Writer/Artist: Kiyohiko Azuma

Not much to say that I didn’t already in reviews of the first two volumes. This collection has more of an emphasis on continuity, with a two-part adventure at the end and the first chapter picking up where the last chapter of volume two left off. Can’t say as I read this for the storyline, though. When the series ends, I’ll be sad, but I doubt I’ll wonder what happens to the characters next. Seems like they’ll continue to have hilarious adventures, of which I’d love to see more. This isn’t the sort of series that has cliffhangers, though, or drawn out mysteries, or slow burn romances. I keep coming back because it keeps being great, keeps making me laugh. The lack of a firm storyline adds to the rereadability, too. There are surprises to be found, but there aren’t any shocking twists in the vein of Darth Vader that color the reading experience if you know them in advance.

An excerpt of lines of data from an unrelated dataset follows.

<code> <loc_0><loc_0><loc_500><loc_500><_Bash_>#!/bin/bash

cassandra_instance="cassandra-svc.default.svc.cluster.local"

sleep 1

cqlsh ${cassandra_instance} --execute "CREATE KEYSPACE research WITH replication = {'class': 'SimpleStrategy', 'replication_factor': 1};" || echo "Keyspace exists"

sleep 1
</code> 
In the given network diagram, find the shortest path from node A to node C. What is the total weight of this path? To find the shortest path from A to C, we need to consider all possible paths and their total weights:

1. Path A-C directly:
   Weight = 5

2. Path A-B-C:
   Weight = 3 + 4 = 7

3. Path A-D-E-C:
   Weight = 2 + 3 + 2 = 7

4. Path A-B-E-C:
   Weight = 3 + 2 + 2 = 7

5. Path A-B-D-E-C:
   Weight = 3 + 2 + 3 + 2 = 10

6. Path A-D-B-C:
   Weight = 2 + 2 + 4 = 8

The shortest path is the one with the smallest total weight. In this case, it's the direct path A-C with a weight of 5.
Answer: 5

It reads differently if you go in order, but chapters generally stand up well on their own, so you can jump in wherever.

super fun


Catwoman – I enjoyed this perhaps more than I should have. It’s so much better than the previous twenty issues, it’s like coming in from the cold to a mug of hot cocoa.
Trinity – Out of my price range. Tempting to pick up solely to see what other cameos and allusions Busiek throws in from past stories.
Supergirl – Maybe I’m being too hard on it, but I don’t feel too conflicted in calling this issue awful.
‘Mazing Man – Decent.
Mister Miracle – Not bad. Could be funnier.
Yotsuba – Still great. Possibly my least favorite volume yet, which is like saying "least favorite delicious cake."